Es sind die häufigen Fälle von sekundären Dysplasien, verursacht durch Infektionen im Hüftgelenk, die uns veranlasst haben, eine ausgewiesene Kapazität für pädiatrische Infektiologie in die Mongolei einzuladen. Zu gern möchten wir auch hier einen Beitrag leisten, denn die Prognose ist für die betroffenen Kinder inzwischen sehr viel schlechter, als die der von einer DDH Betroffenen. Bei einer akuten Infektion kann der Hüftkopf innert wenigen Tagen wie Schnee an der Sonne schmelzen – und wächst nicht einfach so wieder nach.

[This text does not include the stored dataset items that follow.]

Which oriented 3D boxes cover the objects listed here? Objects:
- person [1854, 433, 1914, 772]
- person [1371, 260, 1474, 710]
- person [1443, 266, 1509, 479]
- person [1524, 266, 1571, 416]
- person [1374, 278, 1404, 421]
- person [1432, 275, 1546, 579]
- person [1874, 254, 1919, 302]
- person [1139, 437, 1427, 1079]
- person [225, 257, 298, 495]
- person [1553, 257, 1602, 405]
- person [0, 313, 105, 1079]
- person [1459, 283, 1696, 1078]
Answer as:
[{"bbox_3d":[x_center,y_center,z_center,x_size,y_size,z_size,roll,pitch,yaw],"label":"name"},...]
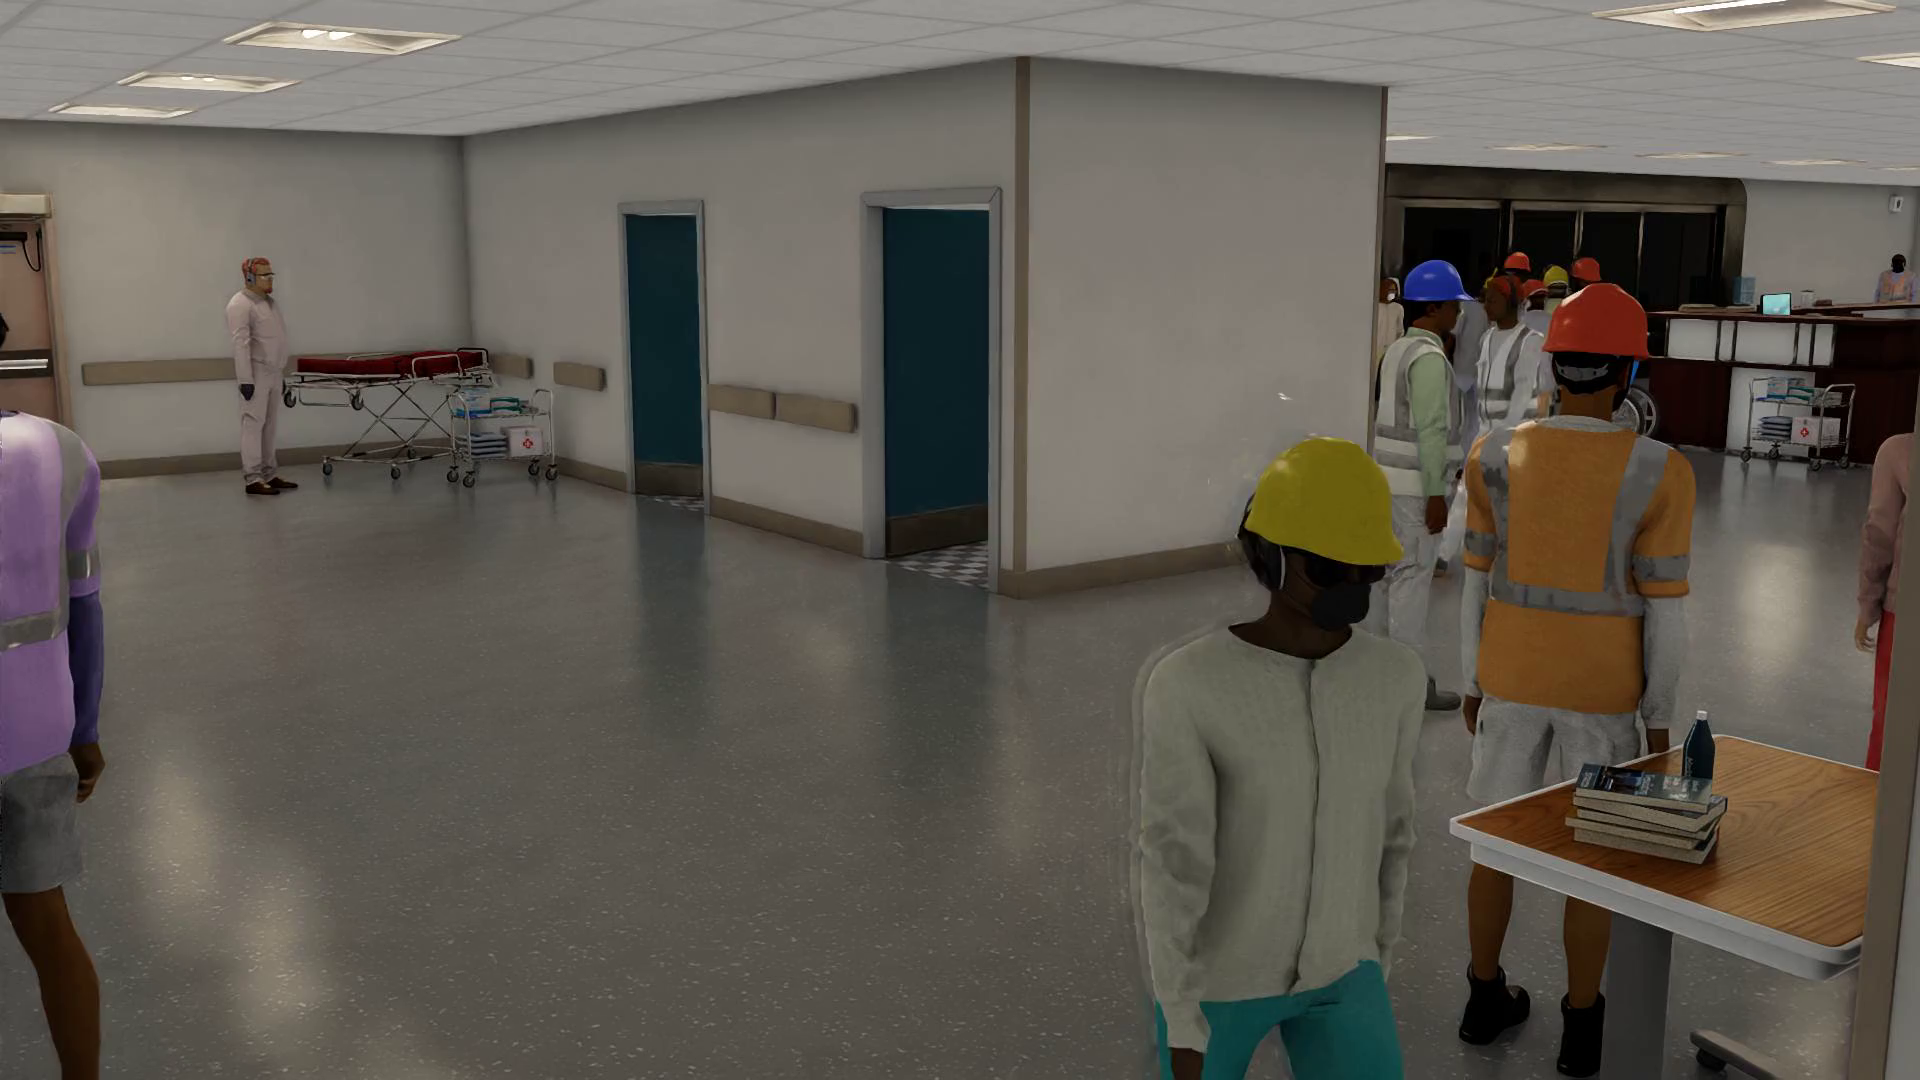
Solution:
[{"bbox_3d":[3.027,0.244,5.091,0.523,1.768,0.325,7,12,34],"label":"person"},{"bbox_3d":[2.010,-0.242,7.298,0.394,1.949,0.602,0,10,0],"label":"person"},{"bbox_3d":[4.268,-1.392,14.083,0.670,1.829,0.449,-4,11,-22],"label":"person"},{"bbox_3d":[5.180,-1.467,14.532,0.595,1.827,0.404,4,11,19],"label":"person"},{"bbox_3d":[4.832,-2.165,18.985,0.505,1.628,0.286,-3,10,-15],"label":"person"},{"bbox_3d":[3.204,-0.654,9.945,1.018,1.825,0.576,-3,11,-19],"label":"person"},{"bbox_3d":[15.460,-3.801,27.537,0.622,1.845,0.429,8,13,39],"label":"person"},{"bbox_3d":[0.534,0.710,2.600,0.535,1.727,0.862,-3,11,-16],"label":"person"},{"bbox_3d":[-5.653,-1.331,13.516,0.399,1.909,0.642,1,10,3],"label":"person"},{"bbox_3d":[5.363,-1.534,14.645,0.559,1.910,0.715,-1,10,-7],"label":"person"},{"bbox_3d":[-2.043,0.412,3.423,0.407,2.031,0.612,3,11,18],"label":"person"},{"bbox_3d":[1.497,0.343,4.094,0.540,1.930,0.387,7,12,35],"label":"person"}]

So hat also Nicole Ritz heute ihren ersten “Arbeitstag” in unserer Gruppe erlebt, und das am president election day, wo Arbeiten sozusagen bei Strafe verboten ist. Die politische Bedeutung dieses Tages ist momentan noch sehr offen, infektiologisch hingegen ist alles klar, doch davon später. Erst einmal mussten wir bei 30°C quer durch Ulaanbaatar stiefeln, weil unser Tulgaa im traffic jam derart stecken geblieben ist, dass er seinen Weg ins Spital zu Fuss zurücklegen musste und seinen Wagen einfach stehen liess. Bayalag führte uns dann quer durch alle möglichen Intensivstationen in der mit über 500 budgeted beds grossen und einzigen Kinderklinik des Landes. Beeindruckend war erst einmal die Erkenntnis, dass v.a. infrastrukturell in den letzten Jahren eine massive Aufrüstung stattgefunden hat. Dutzende Maschinen moderner Bauart waren im Einsatz, Kinder beatmend, beleuchtend, überwachend und wärmend. Wie es scheint, sind alle diese Geräte über Hilfsprojekte finanziert worden, v.a. den Hinweis auf “the people of Japan” finden wir häufig. Was vordergründig imponiert, muss bei Nachfrage und genauerem Hinschauen doch hinterfragt werden. In vielen Bettchen liegen zwei Babies, teils auch auf den Gängen der Kliniken. Angaben zu den häufigen medizinischen Problemen bleiben oft etwas vage. Die Überlebenschance eines Babies von unter 1000g liegt bei 30% und Infektionen scheinen wirklich ein relevantes Risiko zu sein.
Doch auch in Anbetracht dieser Fragezeichen erhalten wir den Eindruck, als sei die Lernkurve steil und die Motivation zu Verbesserungen hoch. Das verdient Anerkennung und bestätigt uns auch darin, dass wir einen kleinen Beitrag leisten wollen. So setzten wir uns denn hin und haben in weniger als einer Stunde einen Algorithmus zum Vorgehen bei akuter Hüftgelenksinfektion definiert und gleich auch noch eine Studie zum Thema entworfen. Morgen werden wir sehen, ob unsere mongolischen Freunde mitmachen werden… ich schätze, wir lassen ihnen keine Wahl, die hatten sie schon im Bezug auf ihren Präsidenten.